Kākāpō parrot (also known as “owl parrot” because of its owl-like facial features) is a critically endangered parrot species native to New Zealand. It is an unusual animal for it is the longest living birds in the world (may live up to 90 years of age). Weighing about 3-4 Kg, it is also the heaviest, only flightless and nocturnal parrot in the world.  

Kākāpō inhabited New Zealand since their evolution in isolation but their population declined rapidly. In 1970s, only 18 male kākāpō were known to exist. Existence of female Kākāpō were confirmed in 1980. Thanks to Intensive conservation management, Kākāpō parrots have been brought from the brink of extinction. Their number was 51 in 1995. Today, 247 kākāpō are alive1,2.  

To assist conservation, Kākāpō125+ project came into being in 2015 to sequence the genomes of 125 living kākāpō plus some important recently deceased individuals. The idea was to improve genetic management of kākāpō, particularly to address low reproductive output (infertility) and disease that was hindering recovery. The full chromosome-level assembly of the reference genome of an individual kākāpō was completed in 20183.  

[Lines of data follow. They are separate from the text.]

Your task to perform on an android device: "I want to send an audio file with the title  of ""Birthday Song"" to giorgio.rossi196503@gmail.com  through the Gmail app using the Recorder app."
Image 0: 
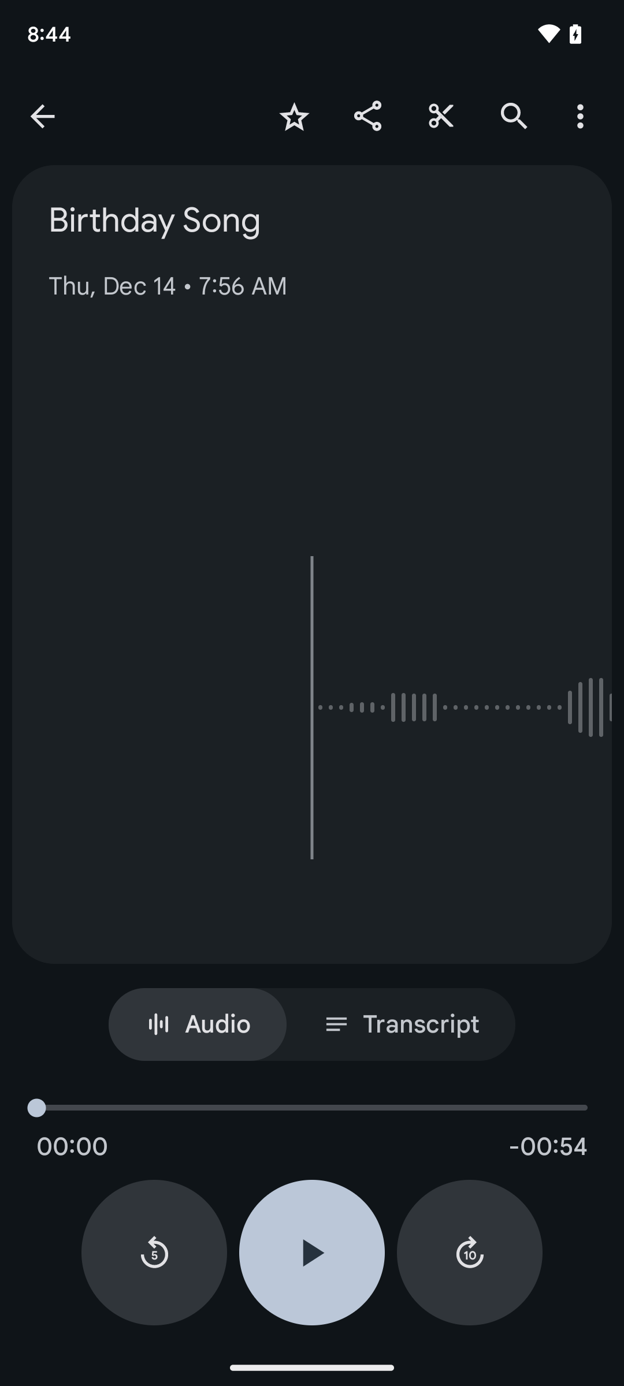
click on the share Icon (three circles connected together by a line at an angle ) at the top of the screen to share an audio 
Step 0: click (367, 116)
Image 1: 
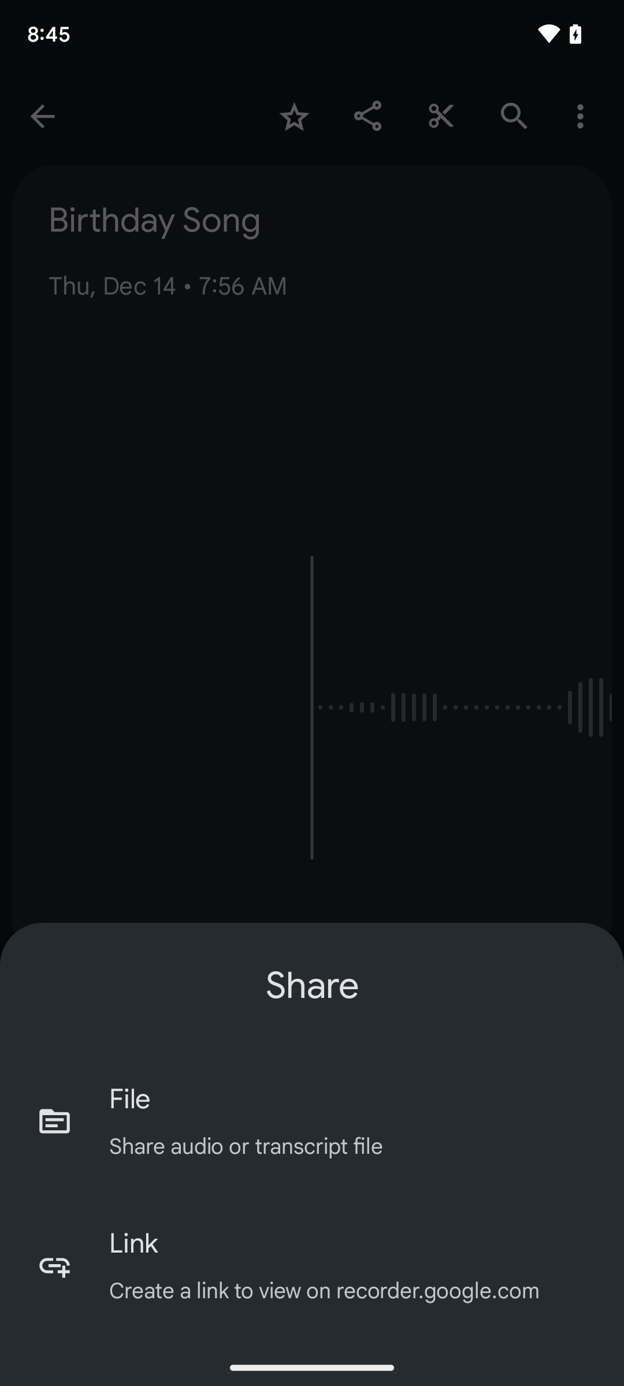
from pop up windown Select File option button at the bottom of the screen
Step 1: click (354, 1146)
Image 2: 
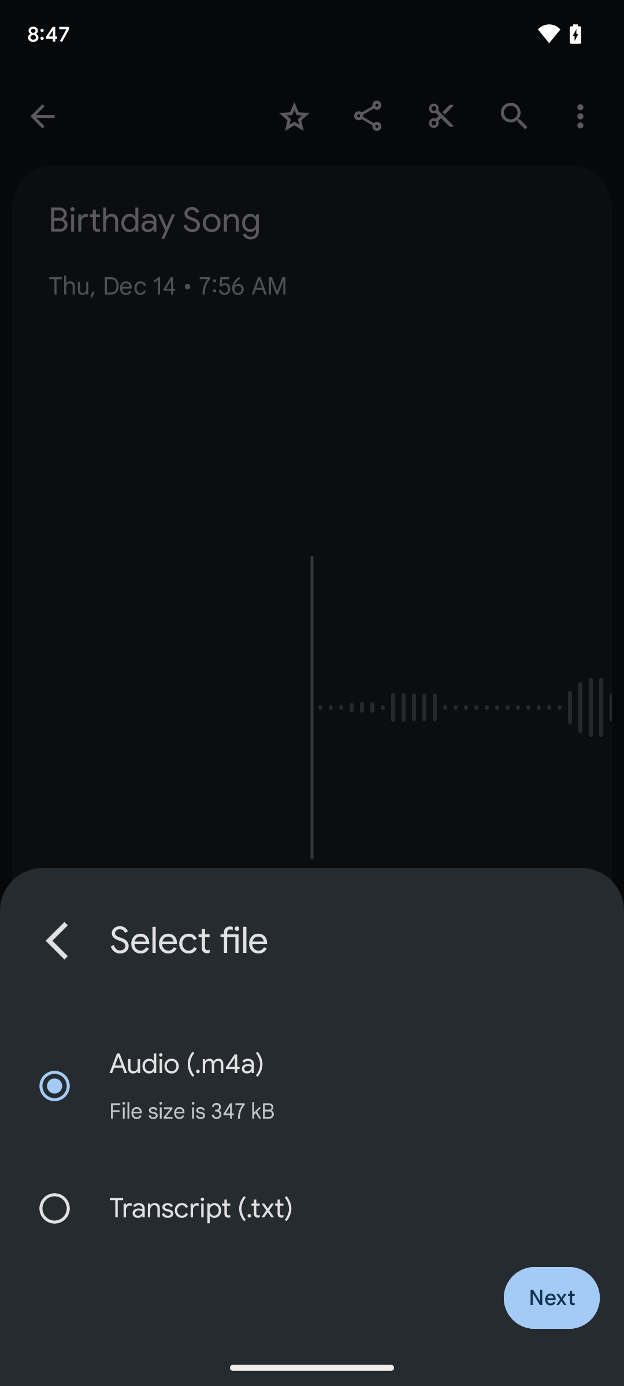
select First option ( Audio) from pop up window at the bottom of the screen 
Step 2: click (354, 1111)
Image 4: 
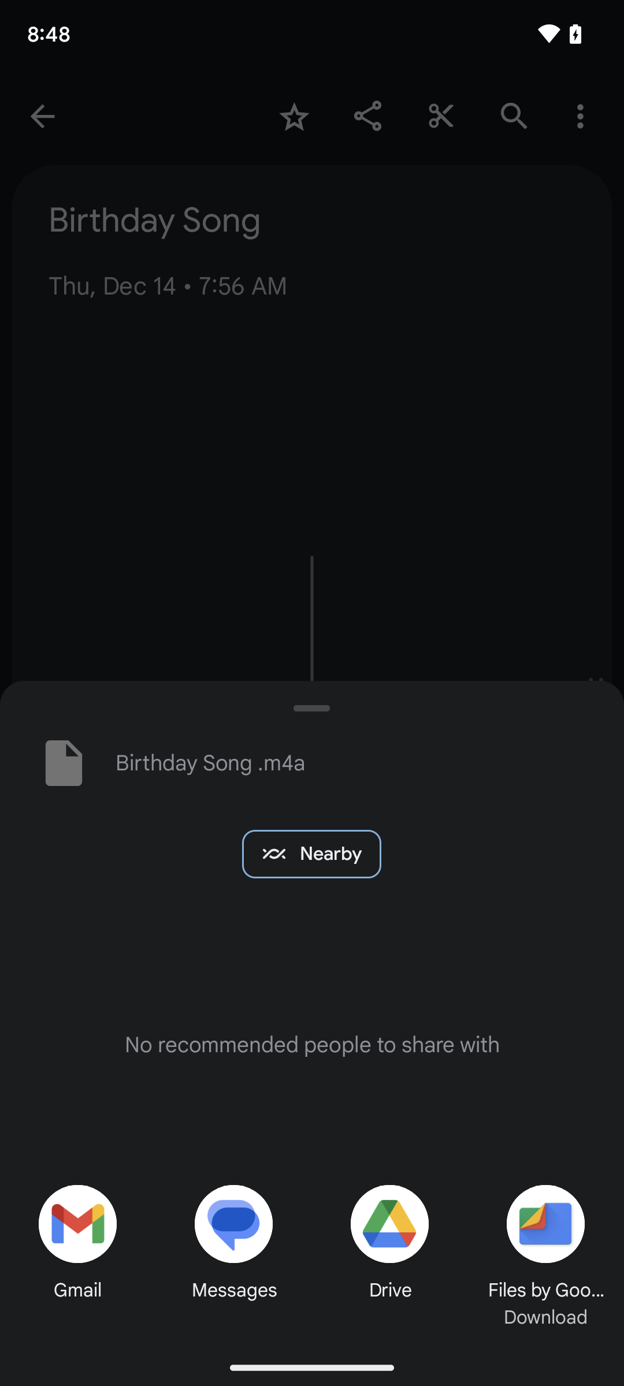
choose G mail button at the bottom of the screen from Near by pop up window 
Step 4: click (68, 1245)
Image 5: 
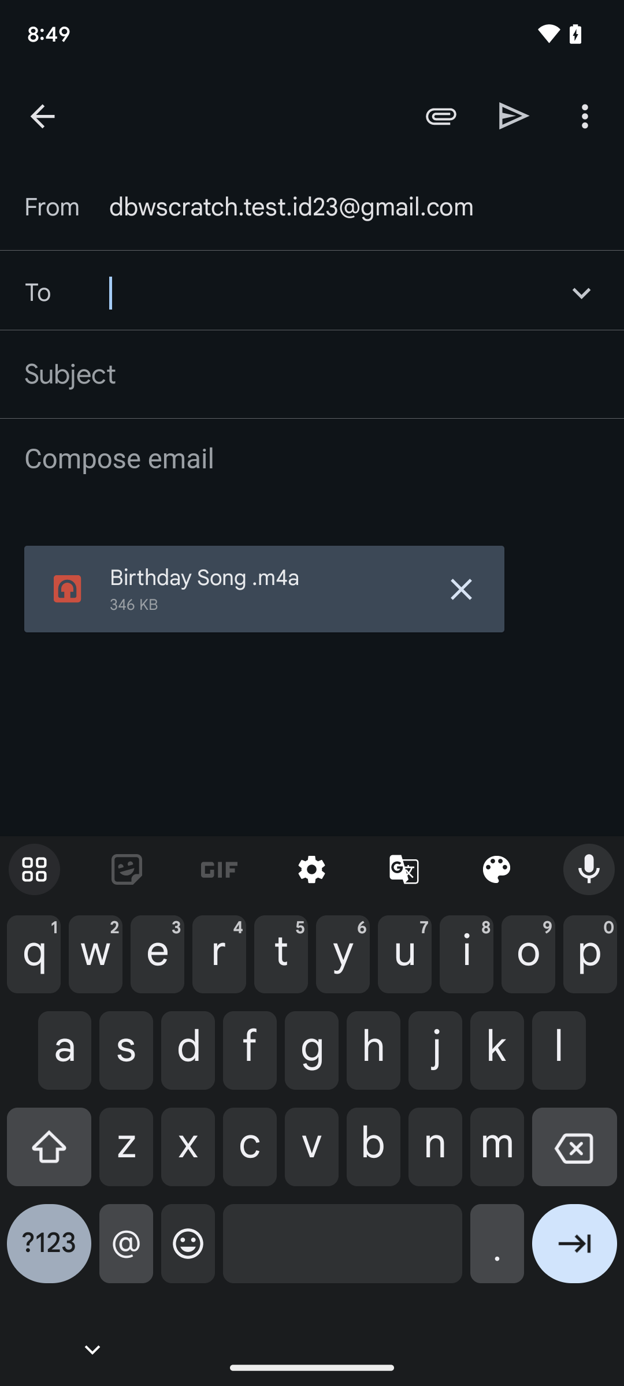
type giorgio.rossi196503@gmail.com at the top second column of the screen 
Step 5: type "giorgio.rossi196503@gmail.com"
Image 6: 
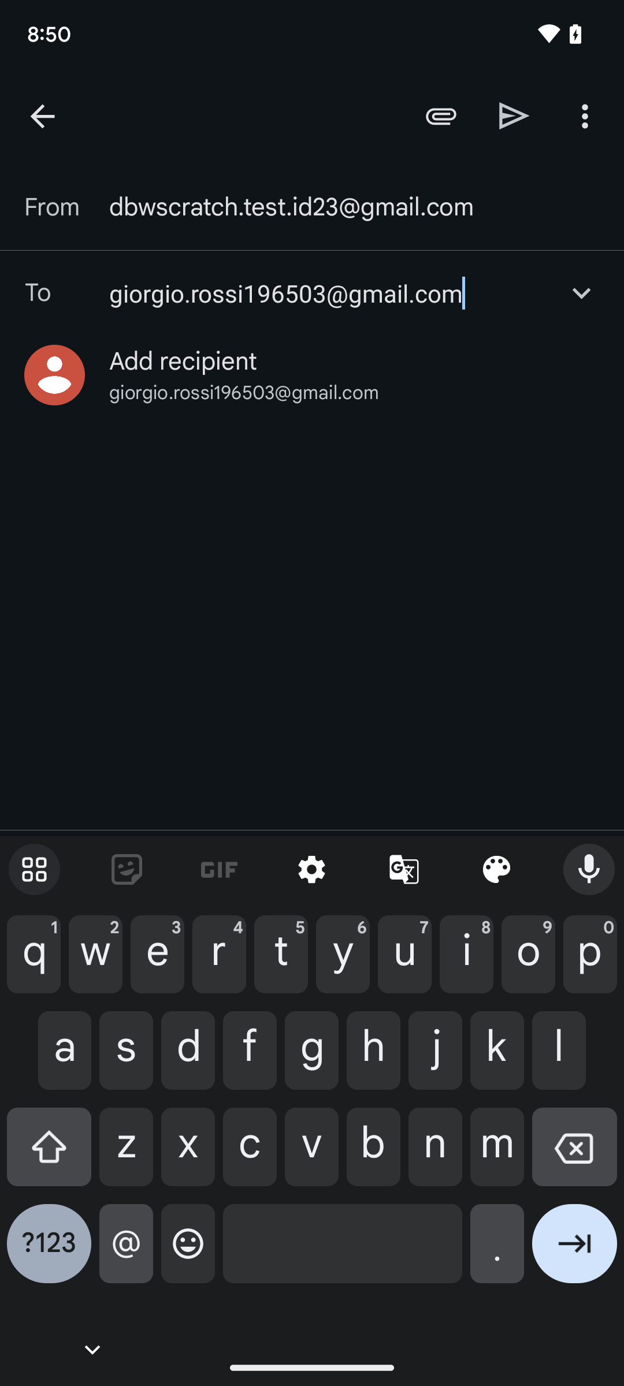
click on the arrow icon ( send button ) at upper right of the screen to share an audio 
Step 6: click (514, 116)

In a study published on 29th August 2023, the research team has reported sequencing the genomes of nearly the entire kākāpō population (as of 2018) of 169 kākāpō, from 125 living individuals and 44 stored samples. The population level data associate genetic diversity across the species to specific DNA sequences linked to traits such as disease susceptibility, chick growth etc. This could help identify health risks earlier to plan treatment customised to individual kākāpō bird. This approach to identify specific genetic features crucial to survival could be repurposed to manage conservation of other endangered species4,5.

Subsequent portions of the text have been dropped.